This is the first in a series I'll be posting as I listen and blog my way through Classic FM's Hall of Fame top 100.
My ambition to explore music that's over 30 years old will have to wait though, as number 100 is the soundtrack to Gladiator by Hans Zimmer, released in 2000. (The Hall of Fame is for popular classics, so I'm expecting to encounter lots of familiar pieces, including more film soundtracks. They refresh the Hall of Fame every year so I'm using the 2020 list, which actually counts down from 300, but I'm not starting all the way back there).
On my A-level Media Studies course we watched Gladiator, over the course of about two months. In an hour lesson we would get through maybe three minutes of the film. We dissected each scene, camera angle and dialogue, but we didn't pay much attention to the soundtrack. Still, it's firmly embedded in my memory.
Perhaps the most famous tracks from this score are the final pieces sung by Lisa Gerrard. She expresses so much without using any recognisable words - "I sing in the language of the Heart. It's an invented language that I've had for a very long time. I believe I started singing in it when I was about 12. Roughly that time. And I believed that I was speaking to God when I sang in that language."
In this concert Czarina Russell performs the part live. Along with her beautiful vocals, I love the tiny harp/zither that's featured.

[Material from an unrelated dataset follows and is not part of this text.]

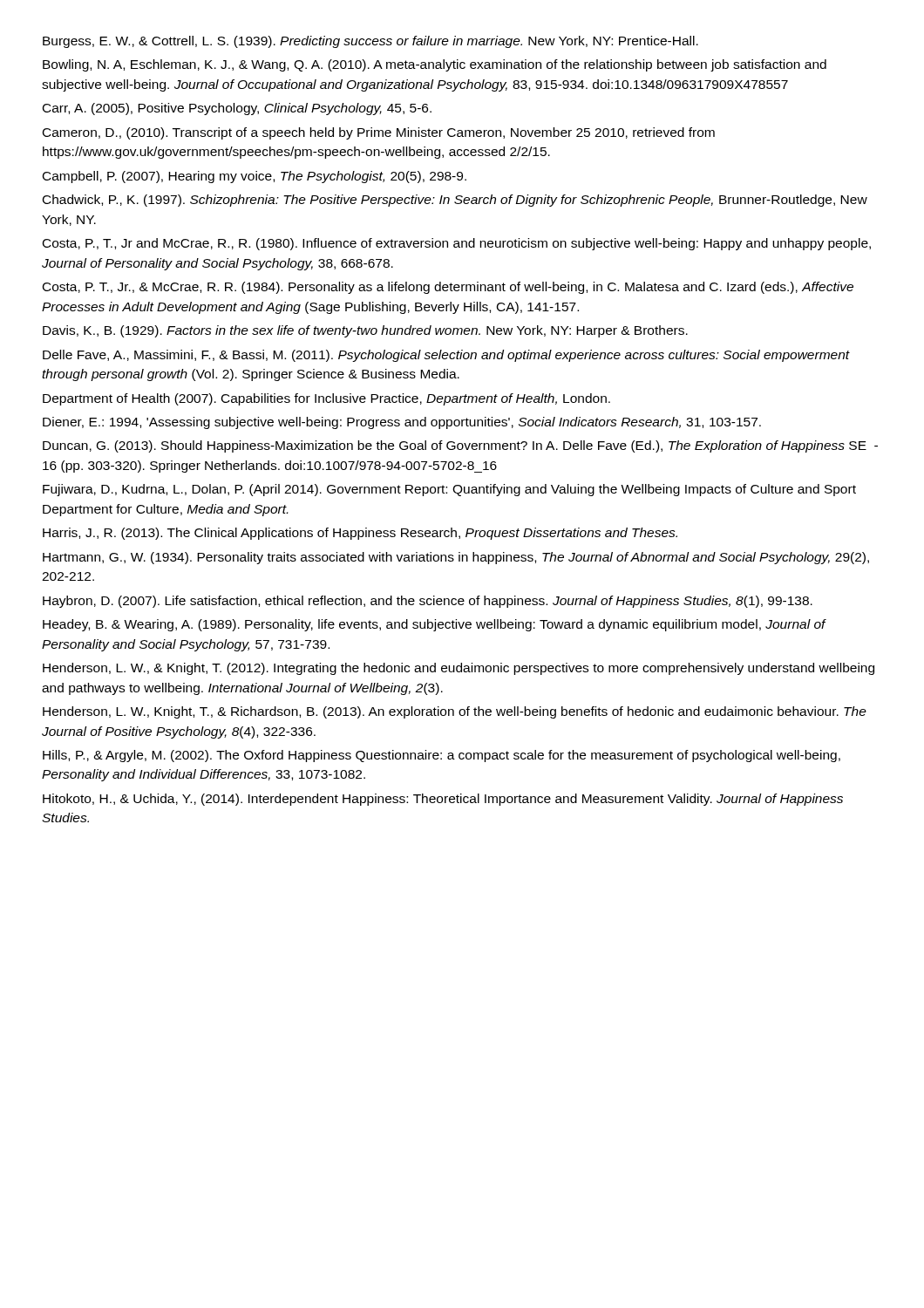Screen dimensions: 1308x924
Task: Click on the passage starting "Hitokoto, H., & Uchida,"
Action: pyautogui.click(x=443, y=808)

The Classic FM Hall of fame is much less dominated by film music than this first instalment might suggest, but I remember watching Gladiator long before I was even aware of the mighty Hans, who according to Wikipedia, also scored Driving Miss Daisy entirely using synthesizers and samplers. There's a score that didn't feature in Mr. Zimmer made-for-Netflix live concert! Gladiator laid down the template for all cinematic epics since, not least of all Ramin Djawadi's soundtrack to Game Of Thrones, and was parodied to great effect in Arrested Development. On my command, rain hell!